Speck – und jedwedes Fleisch – ist schon seit Monaten nicht mehr zu bekommen.

 

An ungewöhnliche Träume kann ich mich nicht erinnern. Flutträume ja: Aber die hatten alle, ausgelöst durch die Nachrichten (solange noch gesendet wurde).

Ich finde, es hätte Hinweise geben sollen auf das, was da im Gange war, Andeutungen und Vorahnungen. Doch im Gegenteil: Meine Träume waren friedlich und eigentümlich grün/ländlich/wasserlos.

 

Dann war da die Besucherin.

Also, wenn es ein Anzeichen der kommenden Zeiten gab, dann sie.

Es war ziemlich zu Anfang, nachdem das Wasser zu steigen begonnen hatte, bevor die Ballonstädte kamen. Ich hatte intensiv geschrieben, weil das Postflugzeugsystem gut und verlässlich funktionierte. Ich habe nie herausgefunden, wer damit anfing und wie es zu dem gegenseitigen Vertrauen kam, aber es lief gut:

Ich brauche

  • Mehl (biologisch, mit Mühlsteinen gemahlen, von Kaikoura)

  • Käse (Hipi-mā bitte)

  • Öl (Oliven und Avocado)

  • Sojasoße

  • Apfelessig (Healtheries) und

  • getrocknete Aprikosen (gibt es noch welche von Roxburgh?)

Beiliegend Kapitel 23.

Und das Postflugzeug nahm Zettel und Kapitel entgegen und händigte die Bestellung der letzten Woche aus (Motueka-Tabak, Blue-Mountain-Kaffeebohnen aus Neuguinea und eine Kiste Honigwein, Marke Havill’s Mazer Mead). Je genauer die Bestellangaben, desto größer die Chance, etwas zu bekommen. Aus unerfindlichen Gründen bekäme man sonst nur Fertigessen und Fertiggetränke. Kein frisches Obst oder Gemüse; kein Fleisch (nicht einmal Salami). Und wenn nichts Geschriebenes die Bestellung begleitete, würde nur eine kleine Schachtel aus recycelbarer Pappe kommen, mit einem Ausrufezeichen aus pāua-Schalen darin. Irgendjemand da draußen besaß Humor. Ich habe nur ein einziges Mal versucht, Kredit zu bekommen, ohne in Wörtern zu bezahlen …

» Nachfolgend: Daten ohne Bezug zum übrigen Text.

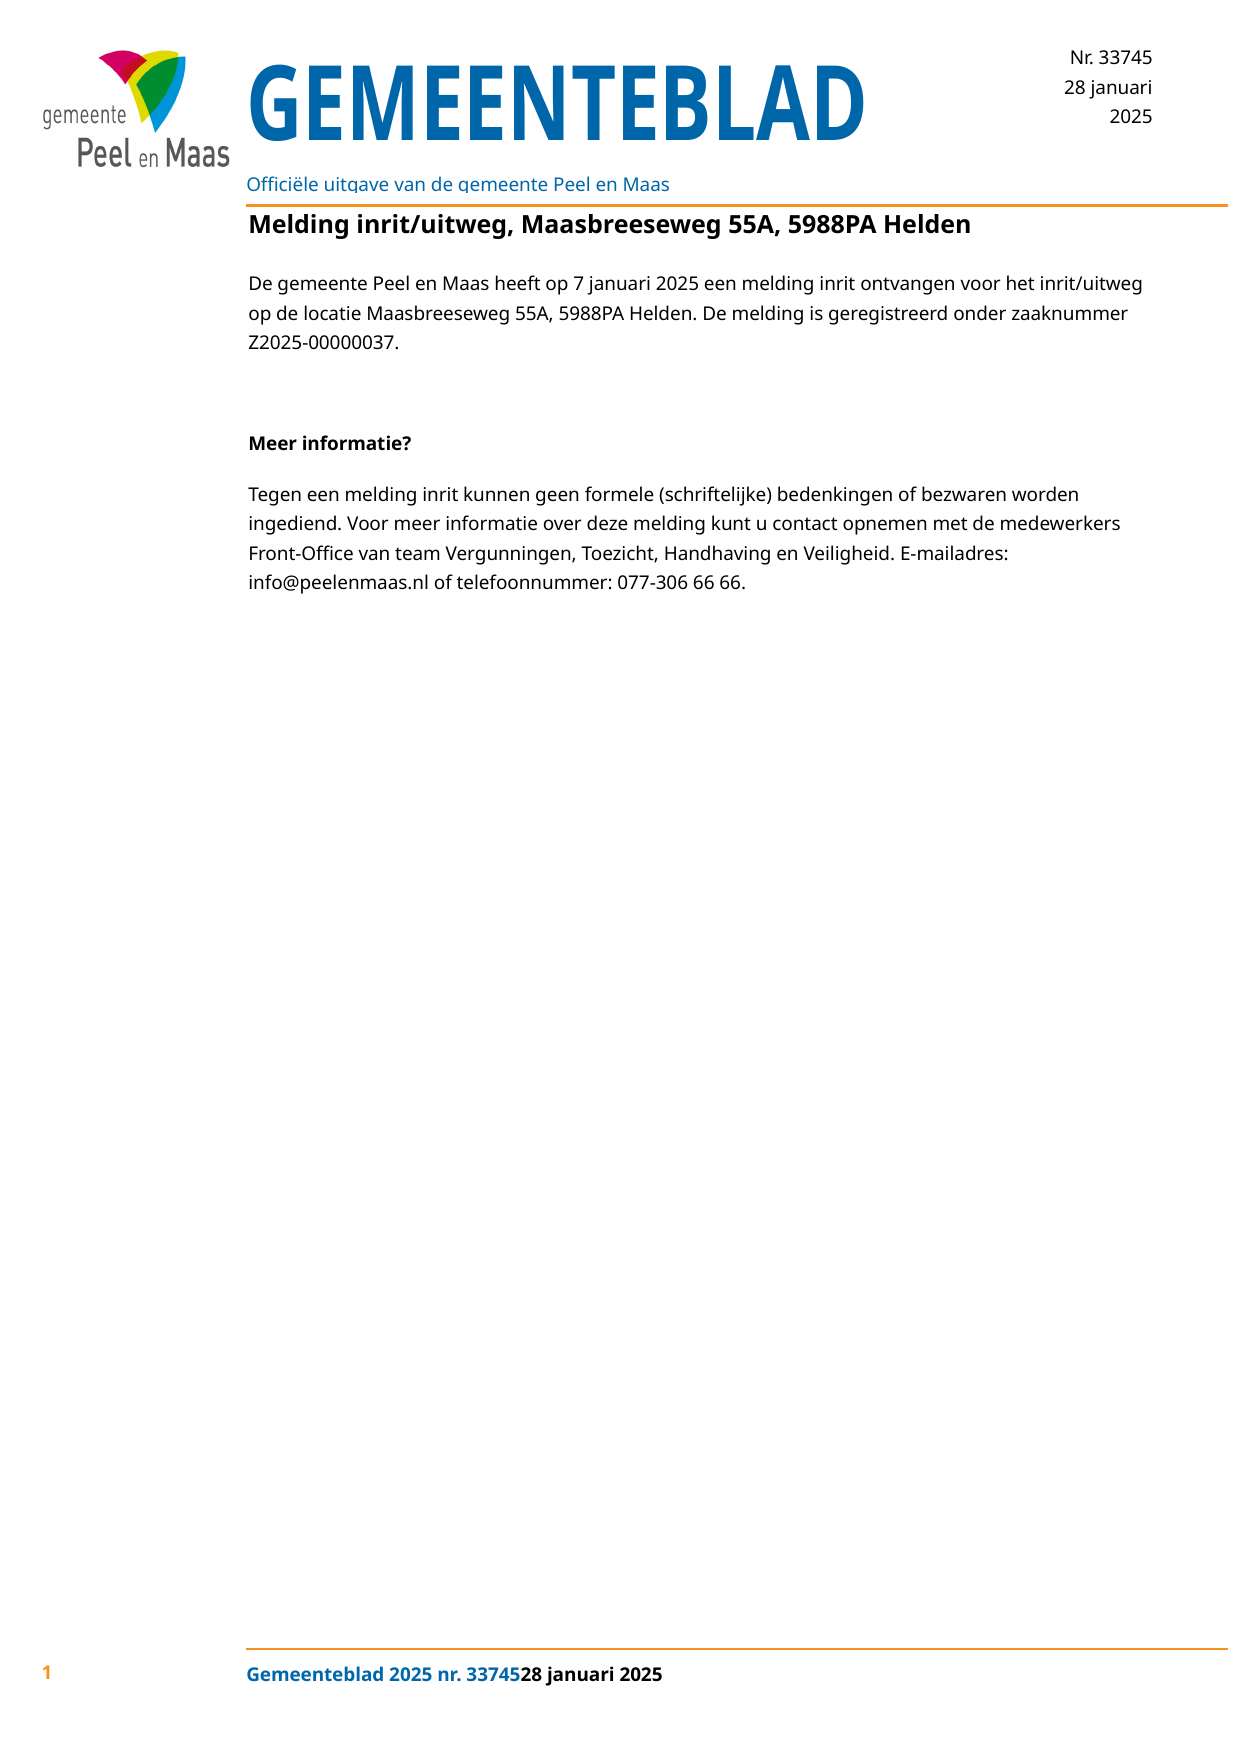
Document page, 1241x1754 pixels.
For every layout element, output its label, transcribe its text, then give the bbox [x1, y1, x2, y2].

picture [41, 47, 231, 172]
text Melding inrit/uitweg, Maasbreeseweg 55A, 5988PA Helden [248, 207, 1152, 241]
text Tegen een melding inrit kunnen geen formele (schriftelijke) bedenkingen of bezwaren worden ingediend. Voor meer informatie over deze melding kunt u contact opnemen met de medewerkers Front-Office van team Vergunningen, Toezicht, Handhaving en Veiligheid. E-mailadres: info@peelenmaas.nl of telefoonnummer: 077-306 66 66. [248, 481, 1152, 595]
text De gemeente Peel en Maas heeft op 7 januari 2025 een melding inrit ontvangen voor het inrit/uitweg op de locatie Maasbreeseweg 55A, 5988PA Helden. De melding is geregistreerd onder zaaknummer Z2025-00000037. [248, 270, 1152, 355]
text Meer informatie? [248, 430, 1152, 456]

Jedenfalls habe ich damals den ganzen Tag und fast den ganzen Abend lang intensiv geschrieben. Nach zwanzig Stunden am Stück fühlte ich mich wie Märzrogen von Flundern – schwärzlich, leer, sauer. Nur in der Stimmung für eine Flasche Met und dann ins Bett und Bewusstlosigkeit. Ich hatte 47 beendet und den Anfang des tangihanga-Kapitels (nicht das abschließende, wie Sie vielleicht vermuten, sondern den Beginn der zweiten Abteilung) so weit stehen:

Der Sarg begann tatsächlich zu brodeln.

Die starke Mittagssonne, natürlich, und die Tatsache, dass sie ihn erst fanden, als der Fluss ihn nach einer Woche herausrückte: Die Leute vom Leichenschauhaus hatten ihr Bestes getan, aber es genügte offensichtlich nicht, um das Werk der Aale und des Wassers auszugleichen, und es würde ihn auch nicht die ganzen drei Tage lang zusammenhalten können.

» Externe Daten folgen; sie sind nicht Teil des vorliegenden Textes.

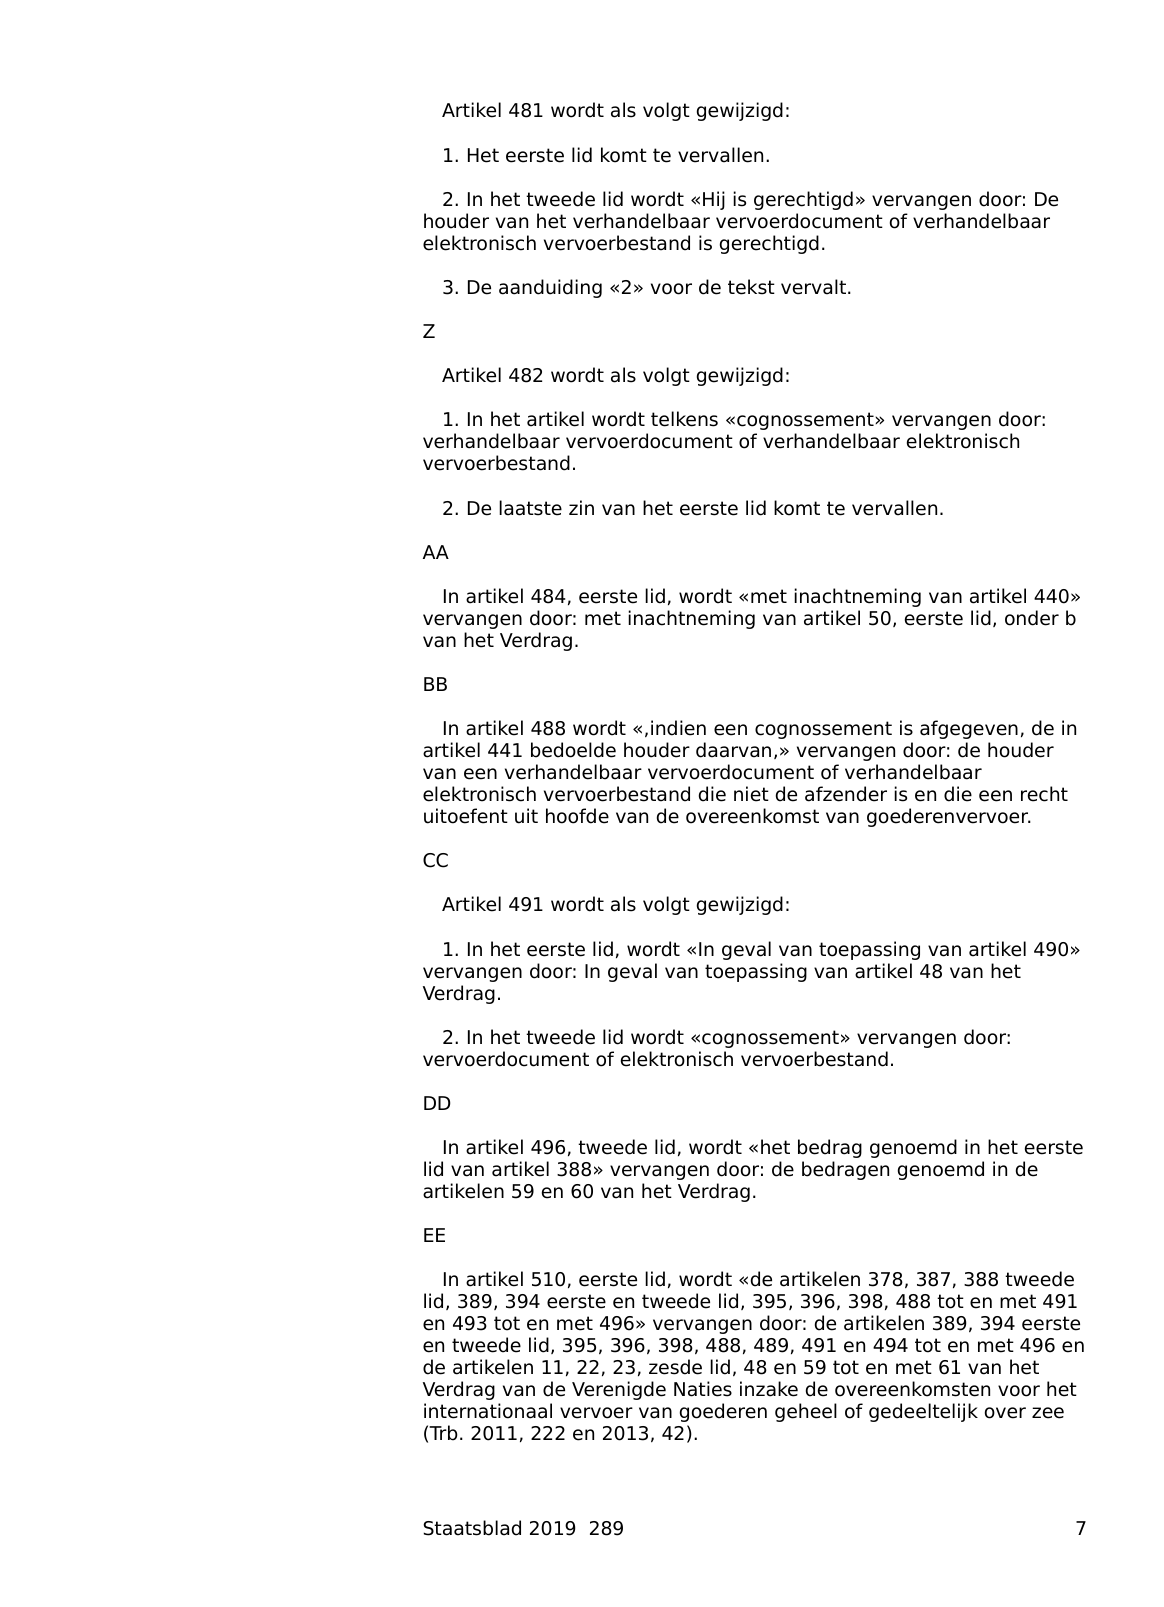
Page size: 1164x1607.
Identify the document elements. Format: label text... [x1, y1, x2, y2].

text In artikel 488 wordt «,indien een cognossement is afgegeven, de in artikel 441 bedoelde houder daarvan,» vervangen door: de houder van een verhandelbaar vervoerdocument of verhandelbaar elektronisch vervoerbestand die niet de afzender is en die een recht uitoefent uit hoofde van de overeenkomst van goederenvervoer. [422, 718, 1087, 828]
text DD [422, 1093, 1087, 1115]
text In artikel 484, eerste lid, wordt «met inachtneming van artikel 440» vervangen door: met inachtneming van artikel 50, eerste lid, onder b van het Verdrag. [422, 586, 1087, 652]
text CC [422, 850, 1087, 872]
text EE [422, 1225, 1087, 1247]
text 2. De laatste zin van het eerste lid komt te vervallen. [422, 497, 1087, 519]
text 1. Het eerste lid komt te vervallen. [422, 144, 1087, 167]
text Artikel 481 wordt als volgt gewijzigd: [422, 100, 1087, 122]
text AA [422, 542, 1087, 564]
text In artikel 496, tweede lid, wordt «het bedrag genoemd in het eerste lid van artikel 388» vervangen door: de bedragen genoemd in de artikelen 59 en 60 van het Verdrag. [422, 1137, 1087, 1203]
text BB [422, 674, 1087, 696]
text 1. In het artikel wordt telkens «cognossement» vervangen door: verhandelbaar vervoerdocument of verhandelbaar elektronisch vervoerbestand. [422, 409, 1087, 475]
text 3. De aanduiding «2» voor de tekst vervalt. [422, 277, 1087, 299]
text Z [422, 321, 1087, 343]
text 2. In het tweede lid wordt «cognossement» vervangen door: vervoerdocument of elektronisch vervoerbestand. [422, 1027, 1087, 1071]
text Artikel 482 wordt als volgt gewijzigd: [422, 365, 1087, 387]
text In artikel 510, eerste lid, wordt «de artikelen 378, 387, 388 tweede lid, 389, 394 eerste en tweede lid, 395, 396, 398, 488 tot en met 491 en 493 tot en met 496» vervangen door: de artikelen 389, 394 eerste en tweede lid, 395, 396, 398, 488, 489, 491 en 494 tot en met 496 en de artikelen 11, 22, 23, zesde lid, 48 en 59 tot en met 61 van het Verdrag van de Verenigde Naties inzake de overeenkomsten voor het internationaal vervoer van goederen geheel of gedeeltelijk over zee (Trb. 2011, 222 en 2013, 42). [422, 1269, 1087, 1445]
text Artikel 491 wordt als volgt gewijzigd: [422, 894, 1087, 916]
text 2. In het tweede lid wordt «Hij is gerechtigd» vervangen door: De houder van het verhandelbaar vervoerdocument of verhandelbaar elektronisch vervoerbestand is gerechtigd. [422, 189, 1087, 255]
text 1. In het eerste lid, wordt «In geval van toepassing van artikel 490» vervangen door: In geval van toepassing van artikel 48 van het Verdrag. [422, 938, 1087, 1004]

Ganz gut für den Anfang, dachte ich, und dann klopft es an der Tür.

»Wer ist da?«

Schweigen.

»Wer ist da?«

Noch mehr Schweigen. Dann das Klopfen, tok-tok-tok BUMM, dreimal mit den Knöcheln und einmal mit der flachen Hand, mein Klopfen, verdammt nochmal (mein Puls fing an zu rasen), aber doppelt so stark.

Scheiß auch auf dich, denke ich, aber es ist der letzte Rest eines harten Tages, und es wäre netter, eine Flasche Met mit einem Gast zu teilen, als sie in verdrossener Einsamkeit zu trinken.

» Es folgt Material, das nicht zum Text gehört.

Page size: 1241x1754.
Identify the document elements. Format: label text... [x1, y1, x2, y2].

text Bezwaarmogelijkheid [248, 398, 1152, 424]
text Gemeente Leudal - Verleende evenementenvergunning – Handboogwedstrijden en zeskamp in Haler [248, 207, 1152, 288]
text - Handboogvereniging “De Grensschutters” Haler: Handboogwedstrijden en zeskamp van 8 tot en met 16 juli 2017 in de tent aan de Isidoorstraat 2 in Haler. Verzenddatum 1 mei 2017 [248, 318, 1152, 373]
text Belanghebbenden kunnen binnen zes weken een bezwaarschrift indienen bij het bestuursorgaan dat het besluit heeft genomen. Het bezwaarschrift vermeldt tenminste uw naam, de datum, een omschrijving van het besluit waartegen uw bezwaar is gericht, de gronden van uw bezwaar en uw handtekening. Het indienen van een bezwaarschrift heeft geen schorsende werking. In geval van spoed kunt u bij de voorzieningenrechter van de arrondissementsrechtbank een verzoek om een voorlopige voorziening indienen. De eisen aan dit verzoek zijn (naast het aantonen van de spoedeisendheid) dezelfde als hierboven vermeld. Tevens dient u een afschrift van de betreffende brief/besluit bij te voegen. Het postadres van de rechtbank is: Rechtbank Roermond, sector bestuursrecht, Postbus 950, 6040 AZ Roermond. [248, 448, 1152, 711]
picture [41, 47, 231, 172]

Ich vergewissere mich, dass die abgesägte .410er da ist, funktionsbereit hinter der Tür (ist sie), und die Kriegskeule an der einen Seite wartet (tut sie), und dann schiebe ich den Riegel beiseite.

Ihre Stimme klingt sehr enttäuscht, als sie sagt:

»Du bist dicker, als ich gedacht hatte.«

Ich stehe da und glotze.

»Auch ein kleiner Hängebauch, wie?«

und schiebt sich vorbei, direkt auf meinen Schnaps-Schrank zu.

Ihre Hand fördert ohne Zögern die Flasche Lagavulin zutage, obwohl die raffiniert hinter einer Reihe anderer, weniger guter Single Malts versteckt ist, und sie weiß genau, wo ich meine Whiskygläser aufbewahre, in einem Schreibtischfach. Sie holt sogar mein Lieblingsglas heraus, bevor sie sich auf den besten Stuhl fläzt.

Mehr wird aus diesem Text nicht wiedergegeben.